267 P. 445, 46 Idaho 271, 1928 Ida. LEXIS 99
CourtIdaho Supreme Court
DecidedMay 8, 1928
DocketNo. 4996.
StatusPublished
Cited by1 cases

This text of 267 P. 445 (Adams v. Satterberg) is published on Counsel Stack Legal Research, covering Idaho Supreme Court primary law. Counsel Stack provides free access to over 12 million legal documents including statutes, case law, regulations, and constitutions.

Bluebook
Adams v. Satterberg, 267 P. 445, 46 Idaho 271, 1928 Ida. LEXIS 99 (Idaho 1928).

Opinion

BRINCK, Commissioner.

On February 4, 1921, Sarah M. Smith sold to plaintiff, J. K. Yaught, certain land in Camas county for the sum of $3,500, for the payment of which Yaught gave to her two notes for $500 each and one note for $2,500, the latter becoming due on November 1, 1924; and as security for the payment of said notes executed to her a mortgage upon the premises so purchased. Mrs. Smith never recorded this mortgage. On March 14, 1921, Yaught sold and conveyed the premises to the defendant, Arvid Satterberg, and as part of the purchase price received from Satterberg the latter’s promissory note for *273 $7,000, to secure the payment of which Satterberg and his wife executed to Vaught a mortgage upon the said premises which was promptly recorded. It appears without contradiction in the record that Vaught represented to Satterberg at the time of this transaction that the land was free from encumbrances. Mrs.
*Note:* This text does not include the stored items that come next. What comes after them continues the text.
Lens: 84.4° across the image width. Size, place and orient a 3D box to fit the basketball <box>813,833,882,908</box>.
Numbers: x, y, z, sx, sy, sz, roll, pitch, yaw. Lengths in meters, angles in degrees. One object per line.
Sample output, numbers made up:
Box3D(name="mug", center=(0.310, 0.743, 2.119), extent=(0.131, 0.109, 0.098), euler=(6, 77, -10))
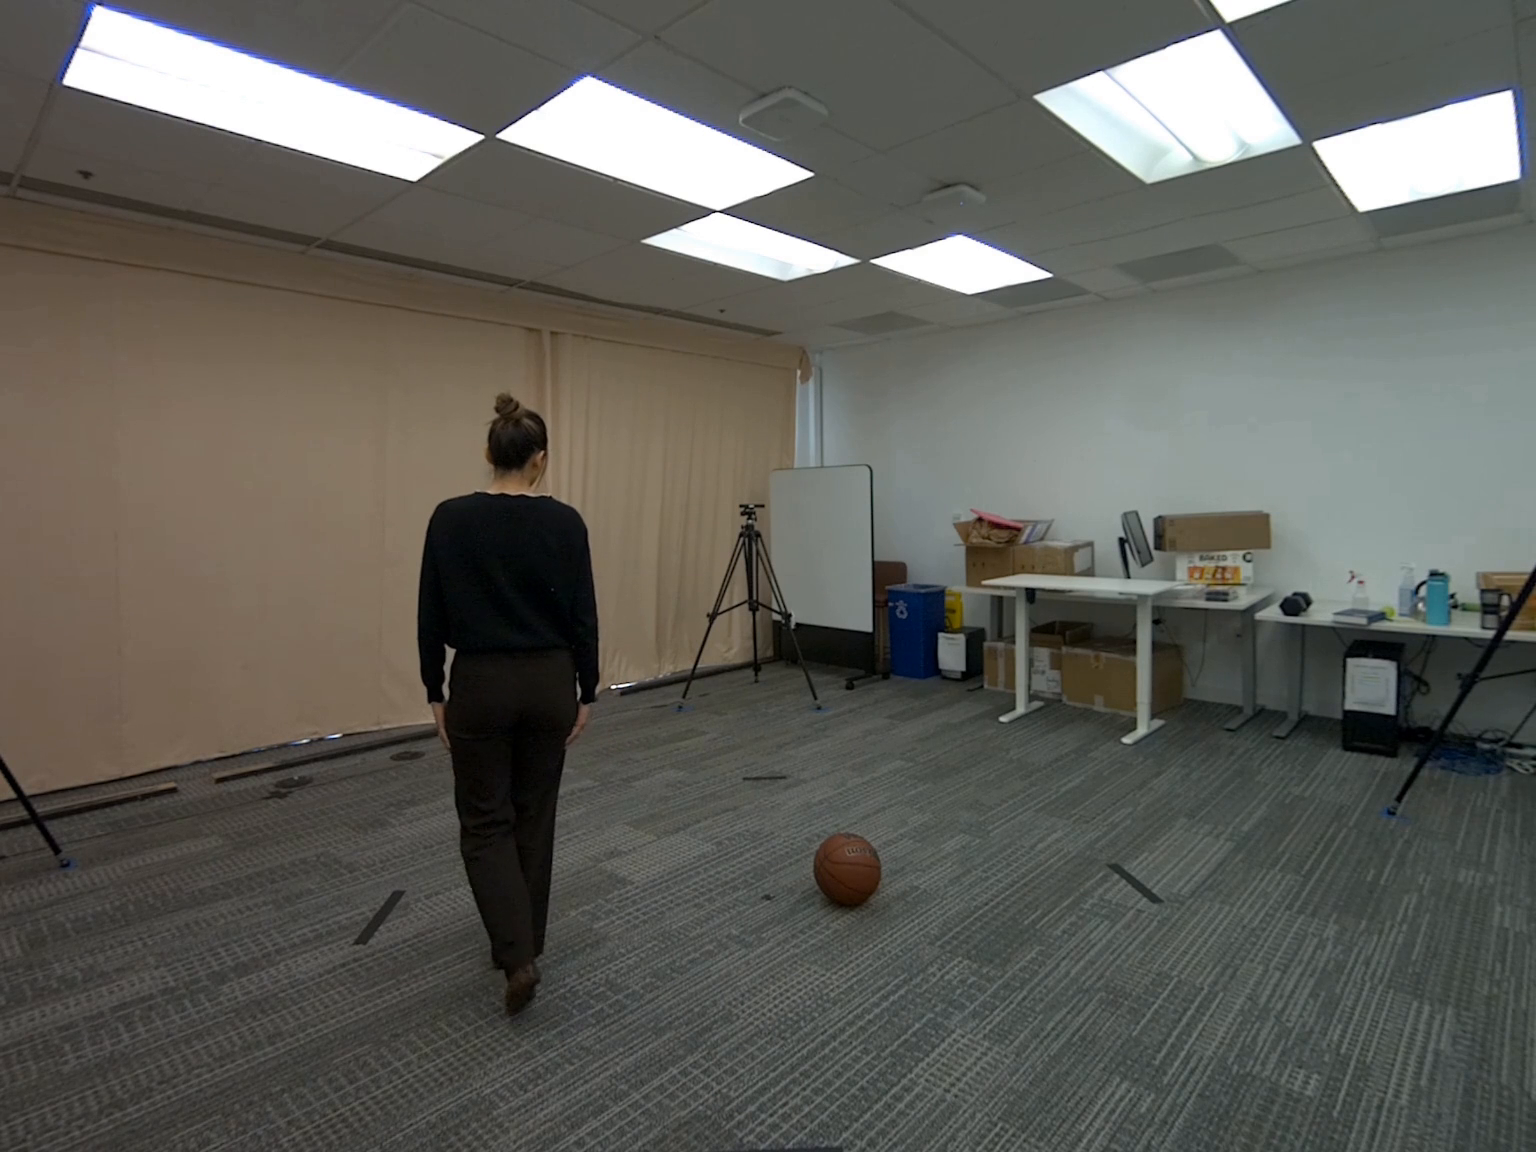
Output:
Box3D(name="basketball", center=(0.279, 1.019, 2.936), extent=(0.236, 0.235, 0.237), euler=(-1, 4, -2))

Smith died on May 30, 1923, and among her effects were found the Vaught mortgage and a note executed to her by Vaught of date November 1, 1922, and due November 1, 1925, for the sum of $2,300. This mortgage was recorded by her heirs on August 27, 1923. In the meantime Vaught had, on February 27, 1922, assigned to the plaintiff Adams an interest in the Satterberg note and had given him an assignment of the mortgage, which was recorded on October 24, 1922.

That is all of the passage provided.